Invece mi sembra importante ricordare come la situazione spirituale descritta incisivamente da Jaspers, trovi il suo corrispettivo nell’interpretazione di Heidegger secondo cui la crisi dell’umanità europea è il frutto di una razionalità impegnata nella costruzione di un mondo fondato sul numero, l’organizzazione, la pianificazione e l’efficienza produttiva. Heidegger, come lo Husserl della Crisi delle scienze europee (1935), è convinto che la scienza e la tecnica siano gli esiti di questa razionalità per cui “le mere scienze di fatti creano meri uomini di fatto” e rappresentino i modi essenziali della modernità, di cui svolge una critica radicale. Per Heidegger, infatti, l’esito della Metafisica è la tecnica planetaria e l’attuale sistema di dominio è determinato da quello che definisce l’oblìo dell’Essere. Esso è alla base della “desolante frenesia della tecnica scatenata e dell’organizzazione senza radici dell’uomo massificato”; “lo spirito, così falsato e ridotto ad intelletto, scade al ruolo di strumento posto al servizio di altro e il cui uso si può insegnare ed apprendere”. Ne deriva lo “oscuramento del Mondo, la fuga degli dèi, la distruzione della Terra, la riduzione dell’Uomo a massa, il sospetto gravido d’odio contro tutto ciò che è creativo e libero”. Questo è il tempo della povertà, della miseria spirituale, tempo in cui bisogna non solo resistere in attesa che l’Essere torni a manifestarsi, ma anche predisporre attivamente le condizioni in cui esso torni ad essere intellegibile come verità dell’ordinamento del mondo.
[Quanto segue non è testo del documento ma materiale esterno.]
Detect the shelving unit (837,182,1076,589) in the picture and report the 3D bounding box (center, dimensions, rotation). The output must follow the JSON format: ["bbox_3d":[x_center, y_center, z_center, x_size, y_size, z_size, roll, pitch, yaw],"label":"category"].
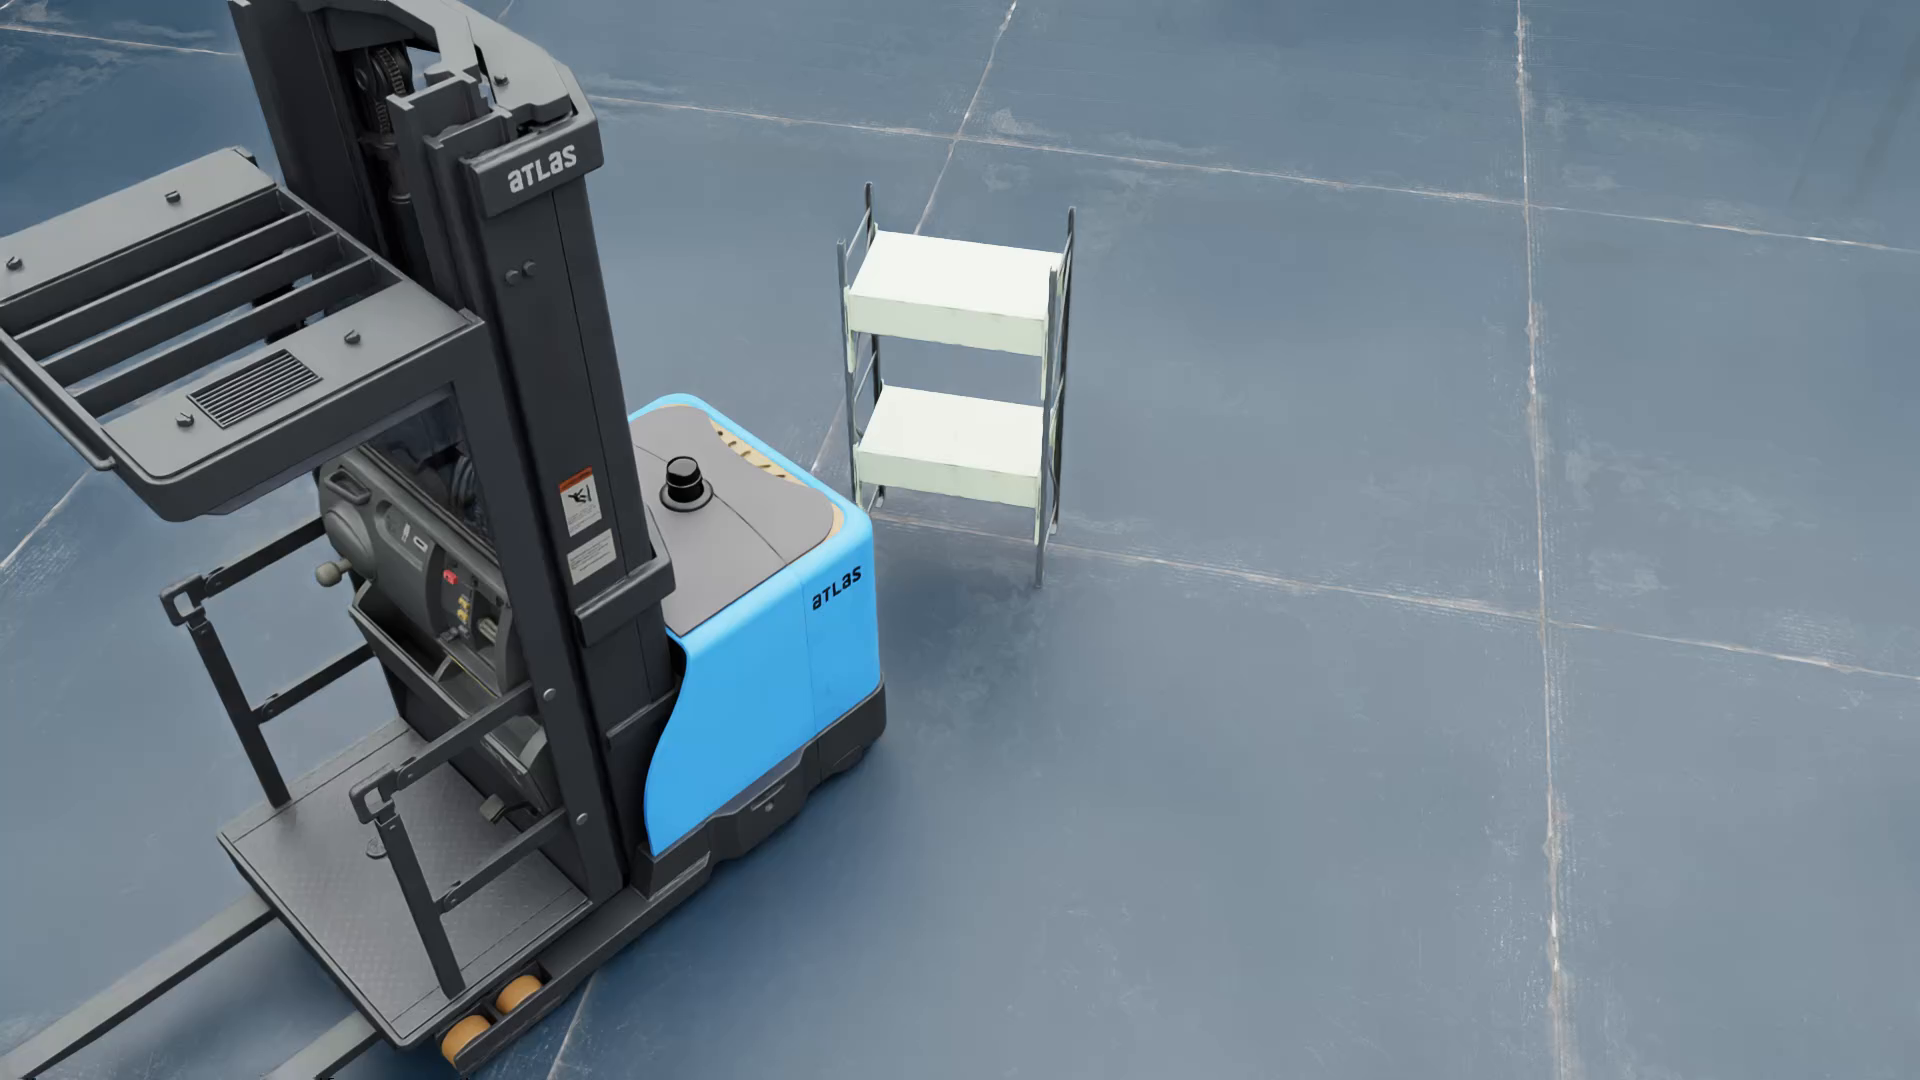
[{"bbox_3d":[-0.007,-0.541,6.231,0.755,1.500,0.431,9,45,9],"label":"shelving unit"}]

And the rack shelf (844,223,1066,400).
[{"bbox_3d":[-0.007,-0.823,5.960,0.720,0.370,0.431,9,45,9],"label":"rack shelf"}]

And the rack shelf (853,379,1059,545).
[{"bbox_3d":[-0.007,-0.306,6.457,0.720,0.370,0.431,9,45,9],"label":"rack shelf"}]

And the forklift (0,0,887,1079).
[{"bbox_3d":[-1.649,0.151,4.480,1.130,2.935,3.031,34,53,30],"label":"forklift"}]

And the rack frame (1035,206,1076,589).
[{"bbox_3d":[0.351,-0.486,6.173,0.023,1.500,0.400,9,45,9],"label":"rack frame"}]

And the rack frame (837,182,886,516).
[{"bbox_3d":[-0.364,-0.597,6.289,0.023,1.500,0.400,9,45,9],"label":"rack frame"}]

molto più interessanti i pezzi di grimaldi di questa minestrina qua, il mondo brucia, svegliamoci su
Proprio perché il mondo brucia bisogna capirne la ragione profonda . La Filosofia non serve immediatamente a qualcosa, come una bicicletta o i bagni termali. Anzi essa non è la serve di nessuno, tantomeno dei poveri di spirito che la fraintendono. Stà a vedere che hai capito più tu che Husserl, Heidegger , Jaspers e Bontempelli messi insieme!